Plages désertes et "odeur insupportable": le Mexique lutte contre les sargasses
Une petite embarcation se fraye un chemin à travers l'épais tapis nauséabond de sargasses. Une sorte de navire de récolte marine collecte ces algues qui envahissent les Caraïbes mexicaines, jadis renommées pour leurs eaux turquoises.
Bateaux de récolte de sargasses, barrières, nettoyage manuel des plages... Les efforts se poursuivent dans la principale destination touristique internationale du pays, durement touchée par cette invasion, même si le gouvernement minimise son impact.
Une équipe de l'AFP a visité la Riviera Maya et Tulum - sur la côte du Yucatan, dans l'est du pays - à bord de l'un des 27 navires déployés par la Marine mexicaine depuis 2019 dans le cadre des efforts déployés pour contenir la prolifération de ces algues, apparues en 2011.

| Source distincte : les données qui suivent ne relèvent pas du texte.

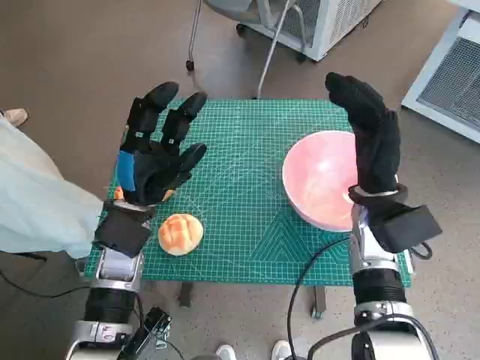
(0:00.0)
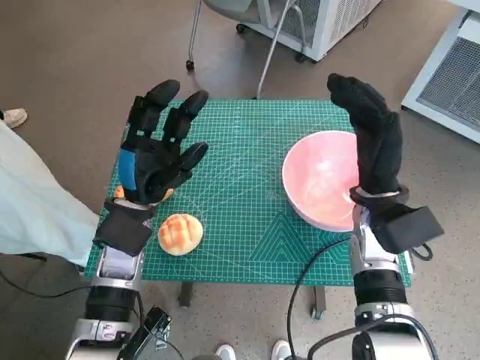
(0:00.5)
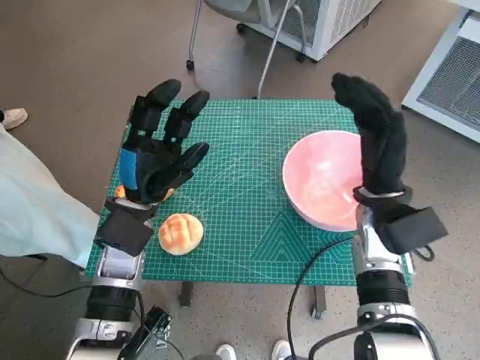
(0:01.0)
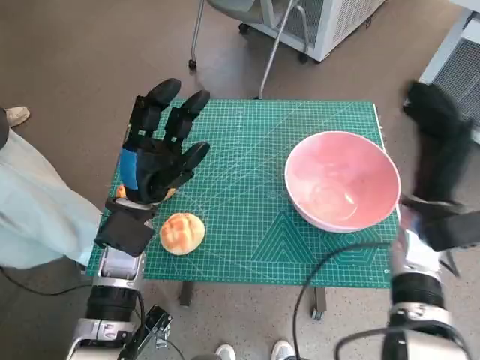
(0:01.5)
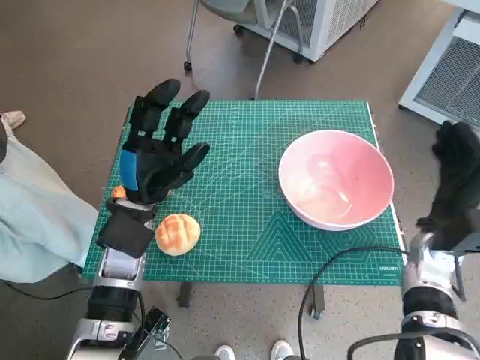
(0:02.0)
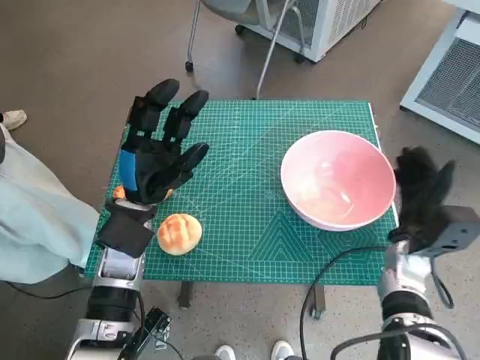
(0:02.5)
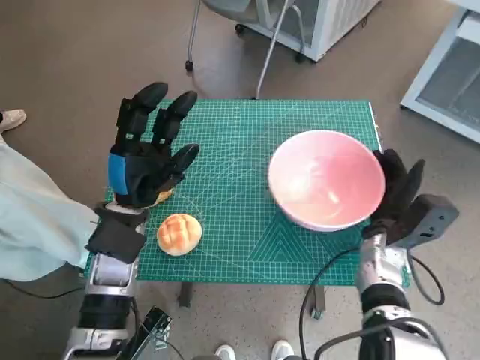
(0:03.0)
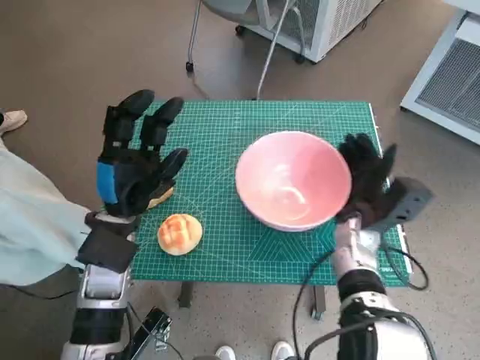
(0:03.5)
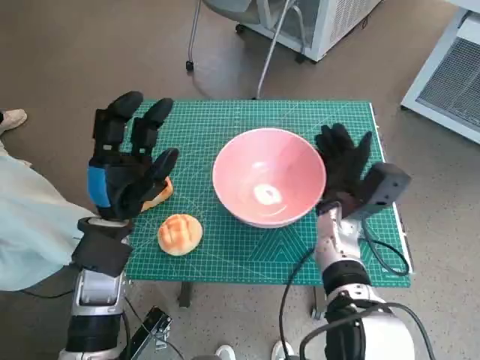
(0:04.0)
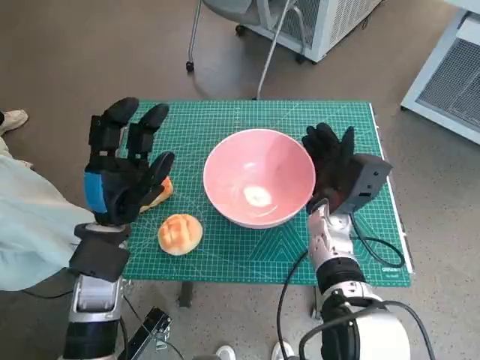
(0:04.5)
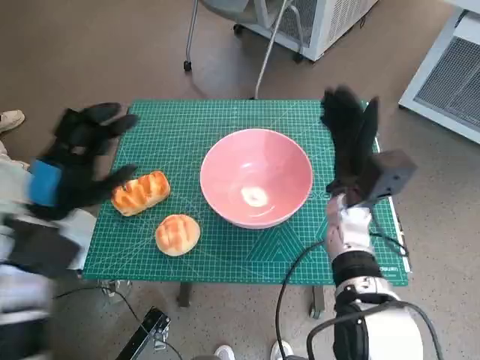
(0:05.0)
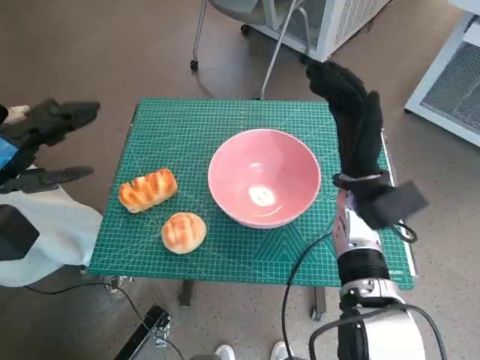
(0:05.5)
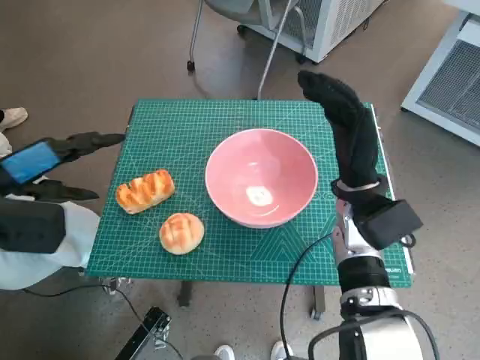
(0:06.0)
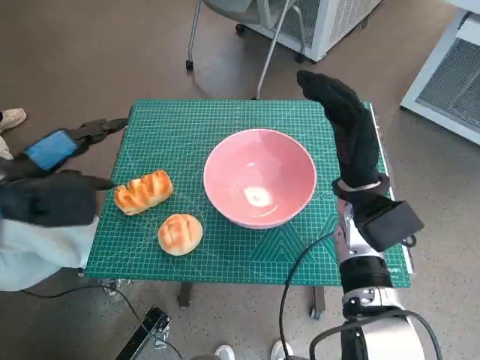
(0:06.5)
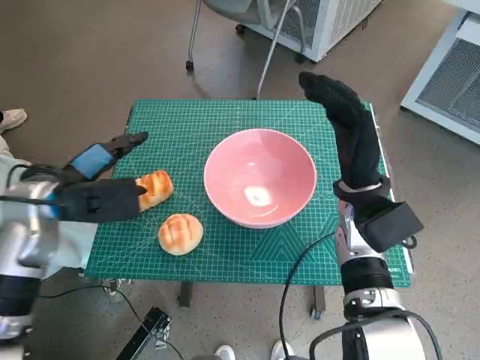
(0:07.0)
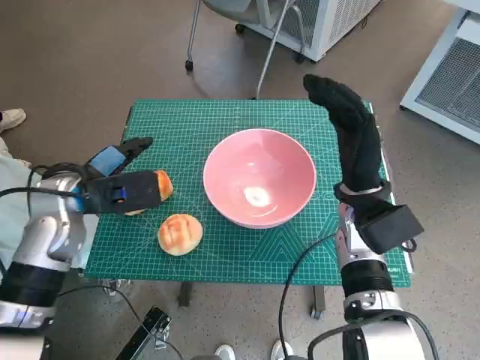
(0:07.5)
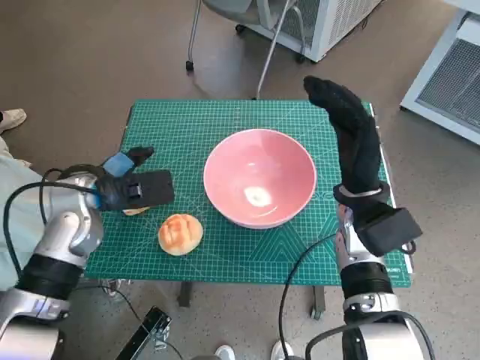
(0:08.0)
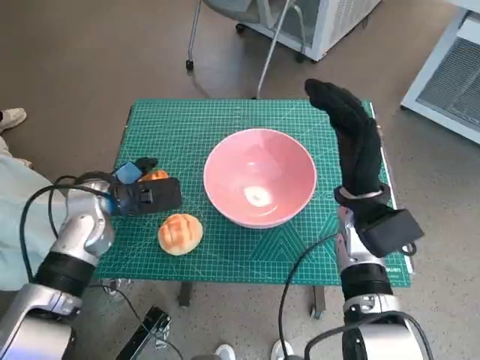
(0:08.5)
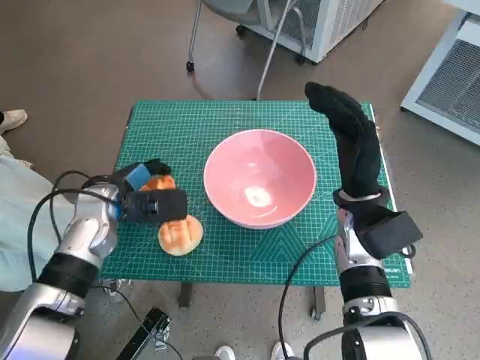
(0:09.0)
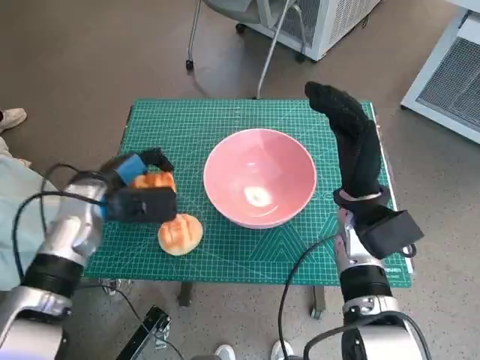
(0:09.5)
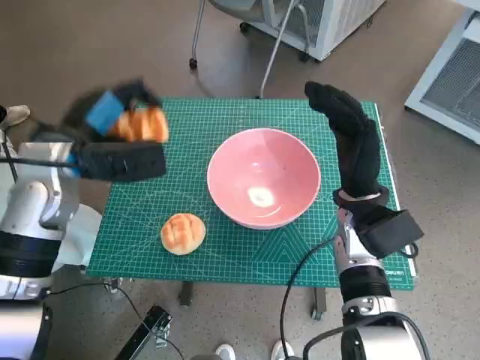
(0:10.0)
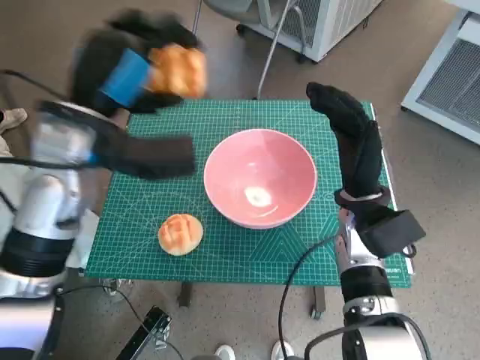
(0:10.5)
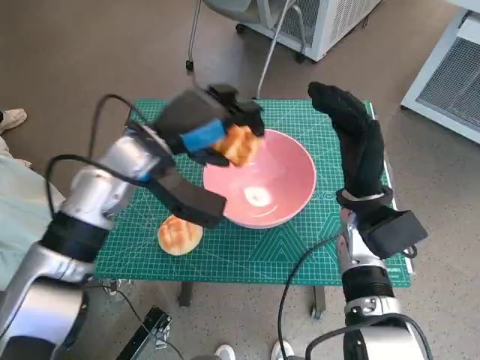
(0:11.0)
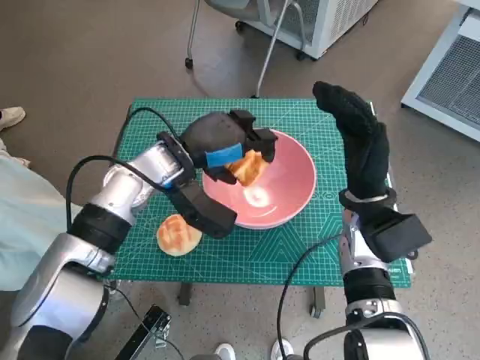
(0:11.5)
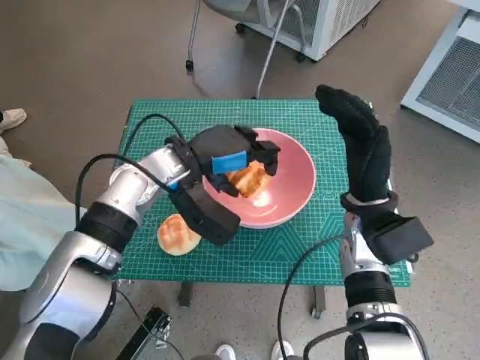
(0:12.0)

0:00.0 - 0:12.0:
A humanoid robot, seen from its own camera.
Task of the whole recording: Push the bowl to the center of the table and put the bread into the bowl.
Step, 0:00.0 - 0:04.5: Move the pink bowl to the center of table with right hand.
Step, 0:05.0 - 0:09.0: Grasp the long bread with left hand.
0:02.0 - 0:04.0: The right hand moves to the left, some 15 cm.
0:04.0 - 0:06.0: The left hand goes approximately 15 cm to the left and upward, while the right hand travels upward by some 5 cm.
0:06.0 - 0:08.0: The left hand shifts approximately 10 cm to the right, downward and forward.
0:08.0 - 0:10.0: The left hand travels upward by about 5 cm.
0:10.0 - 0:12.0: The left hand goes roughly 10 cm to the right.

Le navire se déplace comme dans un jeu vidéo, à la recherche de concentrations d'algues pour les aspirer. Une rampe inclinée située à l'avant est équipée d'un grand tapis roulant qui collecte les sargasses à la surface et les achemine dans une trémie à bord.
- "Saison intense" -
Les opérations de collecte des sargasses sont menées au large à l'aide d'un navire capable d'en ramasser 300 tonnes, puis complétées par des embarcations plus petites et des bâtiments amphibies.
La dernière étape est une collecte manuelle. "C'est une saison intense qui a véritablement exigé des efforts accrus", a expliqué le contre-amiral Topiltzin Flores, responsable de l'opération.
Il a précisé que l'objectif est de concentrer le plus grand volume possible au large et d'empêcher qu'il n'atteigne les côtes. Au cours du premier semestre, le personnel de la Marine et les autorités locales ont collecté quelque 100.000 tonnes de sargasses, dépassant déjà les 92.782 tonnes ramassées sur l'ensemble de 2025.
Malgré cela, les algues sont omniprésentes sur les plages des Caraïbes mexicaines, et rares sont les touristes qui osent se prélasser au soleil face à une odeur nauséabonde, semblable à celle des oeufs pourris.
Les entreprises qui vivent du tourisme, quant à elles, réduisent leurs effectifs au minimum. "Ce restaurant ne reçoit pas plus de 50 clients par jour", explique Azul Lucero, une Argentine de 26 ans qui travaille comme serveuse à Playa del Carmen et dont le revenu provient principalement des pourboires.
Lorsque la mer est propre et claire, ce nombre peut atteindre 400 couverts.
- "Odeur insupportable" -
Le gouvernement, quant à lui, insiste sur le fait que le Mexique bat des records d'afflux de touristes étrangers.
S'il y a pu y avoir moins de monde, "c'est le prix du kérosène qui est en cause, pas les sargasses", a affirmé jeudi la présidente Claudia Sheinbaum lors de la présentation d'une stratégie ambitieuse menée conjointement par le gouvernement et les hôteliers pour lutter contre cette invasion. "Il n'y a pas eu de pertes importantes", a-t-elle insisté.
Les chiffres de la profession sont moins brillants: le taux d'occupation des hôtels cet été se situe entre 55% et 70% selon les destinations, alors qu'il atteignait jusqu'à 90% en haute saison il y a quinze ans.
A côté d'un amas de sargasses se trouve, par exemple, l'hôtel de Playa del Carmen où Tere May, 47 ans, travaille comme cuisinière. Elle se plaint de "l'odeur insupportable" qui rend l'établissement désert: les 24 chambres sont vides.
"Il n'y a personne ici en ce moment", soupire-t-elle. Les sargasses "nous ont affectés à tous les niveaux".
"On ne peut pas profiter des vacances", déplore Bianca Ibañez, 33 ans, qui passait quelques jours en famille dans cette station et a été surprise par la quantité d'algues amassées sur la plage.